Pixabay18 September 2017

Five years of the Schreibmotorik Institut: we work to improve the promotion of handwriting

The non-profit research institute has already achieved a great deal in the past five years: numerous research projects have led to a better understanding of the process of learning to write, the 2015 nationwide teachers’ survey conducted in cooperation with the German Union of Teachers [Deutsche Lehrerverband] met with a great response in the media and the “Handwriting 2020” campaign launched in 2016 for the promotion of handwriting has received support in educational policy. In 2017, the Schreibmotorik Institut is tackling the issue of handwriting in the context of digitalisation.

Pixabay“Handwriting and digitalisation are not mutually exclusive, as is often portrayed in the media. The important point here is combining modern technology and learning to write in a meaningful way and at the right time. Increasing digitalisation offers an opportunity that has to be seized.” Institute Director Dr. Marianela Diaz Meyer is convinced that the use of innovative technology in school teaching can be shaped jointly in dialogue with relevant figures from research and practice, without neglecting the immense importance of handwriting on the learning effect, memory capacity and cognitive development of children.

Discussing the consequences and potential of digitalisation for writing

This year’s International Symposium on Handwriting Skills on 10 November addresses the issue of digitalisation.
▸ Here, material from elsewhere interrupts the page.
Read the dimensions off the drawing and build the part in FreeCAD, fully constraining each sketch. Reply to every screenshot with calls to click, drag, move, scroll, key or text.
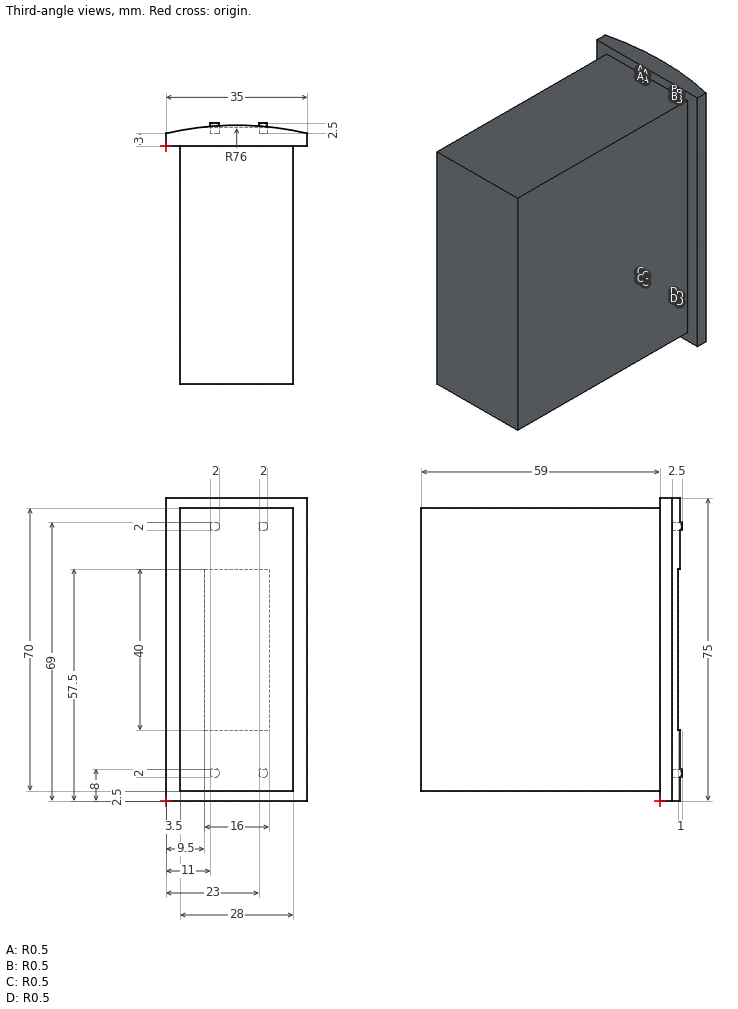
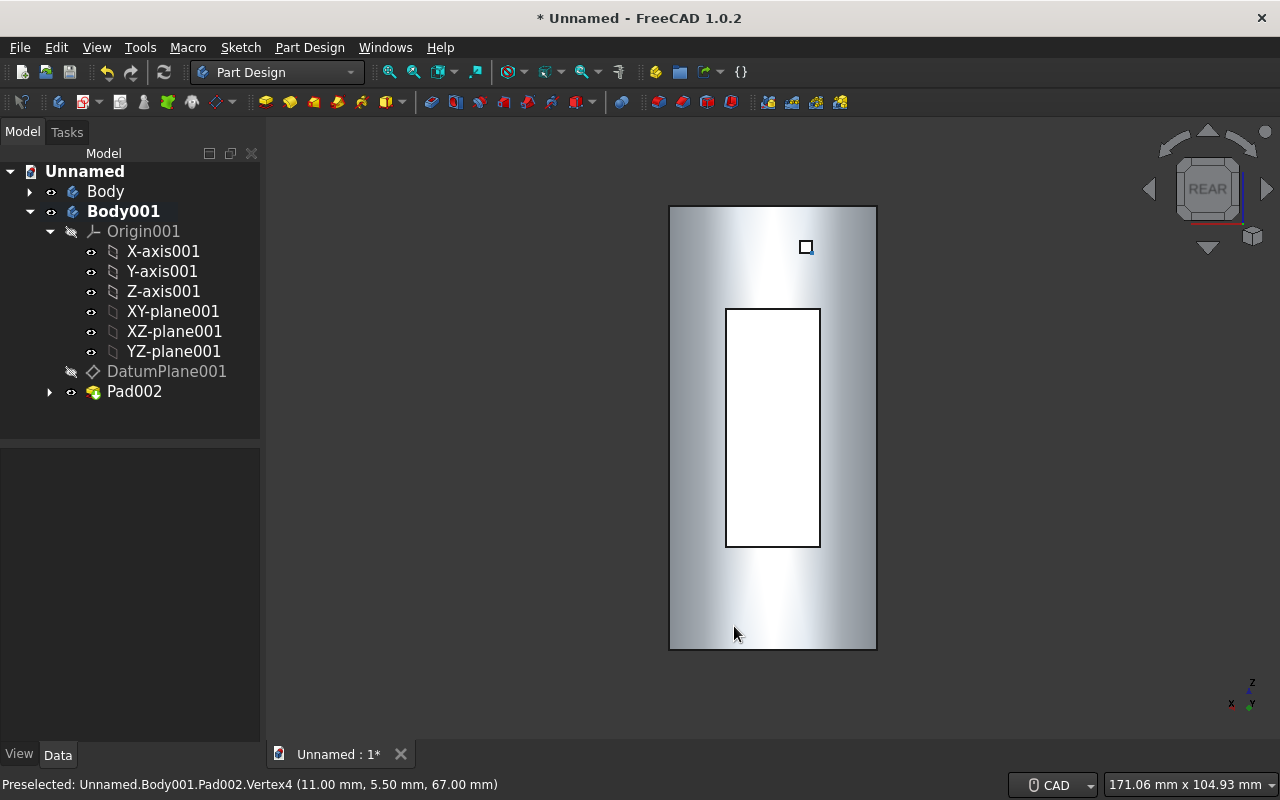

Every two years, it brings together experts from the fields of writing motor skills, neuroscience, sport and exercise science, (ergo)therapy, medicine, developmental psychology, ergonomics, (primary) education and representatives from the field of teacher training, ministries of education and schools, to discuss the latest research findings in the field of handwriting and tried-and-tested real-life pilot projects in an international context.

The Handwriting 2020 campaign receives support in educational policy

In order to raise awareness for the relevance of writing in education and social participation, the Schreibmotorik Institut initiates and carries out other high-profile campaigns such as the “Handwriting 2020” campaign, initiated together with the Didacta Association of the German Education Industry. As part of this alliance, which has gained further cooperation partners since it was launched, the aim is to establish an extensive programme for promoting handwriting in childcare centres and schools. The German Federal Ministry of Education and Research [Bundesministerium für Bildung und Forschung] is also confident about the “Handwriting 2020” campaign. “We want to do everything we can to support this important initiative”, said Parliamentary State Secretary Stefan Müller during his visit to the Schreibmotorik Institut.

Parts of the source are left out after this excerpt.